| Work instruction |
A faithful copy of the entire listing is what is needed.

**** The records

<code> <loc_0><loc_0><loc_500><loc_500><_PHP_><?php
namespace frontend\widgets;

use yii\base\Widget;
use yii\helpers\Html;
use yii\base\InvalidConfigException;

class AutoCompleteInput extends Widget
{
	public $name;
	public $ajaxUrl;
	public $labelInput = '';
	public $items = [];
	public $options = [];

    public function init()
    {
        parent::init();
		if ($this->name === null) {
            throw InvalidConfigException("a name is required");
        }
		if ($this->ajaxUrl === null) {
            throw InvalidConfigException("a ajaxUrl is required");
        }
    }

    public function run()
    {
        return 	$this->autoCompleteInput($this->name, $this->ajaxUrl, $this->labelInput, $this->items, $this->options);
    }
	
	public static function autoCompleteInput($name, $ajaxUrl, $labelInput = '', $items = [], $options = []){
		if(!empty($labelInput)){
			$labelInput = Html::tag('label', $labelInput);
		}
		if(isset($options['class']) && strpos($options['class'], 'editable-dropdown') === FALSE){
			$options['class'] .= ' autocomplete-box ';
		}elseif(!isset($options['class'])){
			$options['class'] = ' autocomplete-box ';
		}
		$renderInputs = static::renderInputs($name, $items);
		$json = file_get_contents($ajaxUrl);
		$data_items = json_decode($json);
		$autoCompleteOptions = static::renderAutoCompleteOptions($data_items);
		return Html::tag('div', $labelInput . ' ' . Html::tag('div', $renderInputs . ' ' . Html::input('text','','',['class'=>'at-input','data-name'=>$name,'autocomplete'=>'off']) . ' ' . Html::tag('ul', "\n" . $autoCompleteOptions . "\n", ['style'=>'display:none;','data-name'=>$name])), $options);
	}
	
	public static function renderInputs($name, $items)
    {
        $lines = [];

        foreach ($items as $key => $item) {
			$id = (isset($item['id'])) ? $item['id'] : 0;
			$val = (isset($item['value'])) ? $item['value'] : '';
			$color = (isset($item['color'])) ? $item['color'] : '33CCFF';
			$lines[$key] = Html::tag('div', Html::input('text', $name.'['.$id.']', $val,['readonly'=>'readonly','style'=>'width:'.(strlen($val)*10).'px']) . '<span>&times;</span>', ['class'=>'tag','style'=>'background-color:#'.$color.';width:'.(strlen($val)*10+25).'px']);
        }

********

| Reply to the task |
<code> <loc_0><loc_0><loc_500><loc_500><_PHP_><?php
namespace frontend\widgets;

use yii\base\Widget;
use yii\helpers\Html;
use yii\base\InvalidConfigException;

class AutoCompleteInput extends Widget
{
	public $name;
	public $ajaxUrl;
	public $labelInput = '';
	public $items = [];
	public $options = [];

    public function init()
    {
        parent::init();
		if ($this->name === null) {
            throw InvalidConfigException("a name is required");
        }
		if ($this->ajaxUrl === null) {
            throw InvalidConfigException("a ajaxUrl is required");
        }
    }

    public function run()
    {
        return 	$this->autoCompleteInput($this->name, $this->ajaxUrl, $this->labelInput, $this->items, $this->options);
    }
	
	public static function autoCompleteInput($name, $ajaxUrl, $labelInput = '', $items = [], $options = []){
		if(!empty($labelInput)){
			$labelInput = Html::tag('label', $labelInput);
		}
		if(isset($options['class']) && strpos($options['class'], 'editable-dropdown') === FALSE){
			$options['class'] .= ' autocomplete-box ';
		}elseif(!isset($options['class'])){
			$options['class'] = ' autocomplete-box ';
		}
		$renderInputs = static::renderInputs($name, $items);
		$json = file_get_contents($ajaxUrl);
		$data_items = json_decode($json);
		$autoCompleteOptions = static::renderAutoCompleteOptions($data_items);
		return Html::tag('div', $labelInput . ' ' . Html::tag('div', $renderInputs . ' ' . Html::input('text','','',['class'=>'at-input','data-name'=>$name,'autocomplete'=>'off']) . ' ' . Html::tag('ul', "\n" . $autoCompleteOptions . "\n", ['style'=>'display:none;','data-name'=>$name])), $options);
	}
	
	public static function renderInputs($name, $items)
    {
        $lines = [];

        foreach ($items as $key => $item) {
			$id = (isset($item['id'])) ? $item['id'] : 0;
			$val = (isset($item['value'])) ? $item['value'] : '';
			$color = (isset($item['color'])) ? $item['color'] : '33CCFF';
			$lines[$key] = Html::tag('div', Html::input('text', $name.'['.$id.']', $val,['readonly'=>'readonly','style'=>'width:'.(strlen($val)*10).'px']) . '<span>&times;</span>', ['class'=>'tag','style'=>'background-color:#'.$color.';width:'.(strlen($val)*10+25).'px']);
        }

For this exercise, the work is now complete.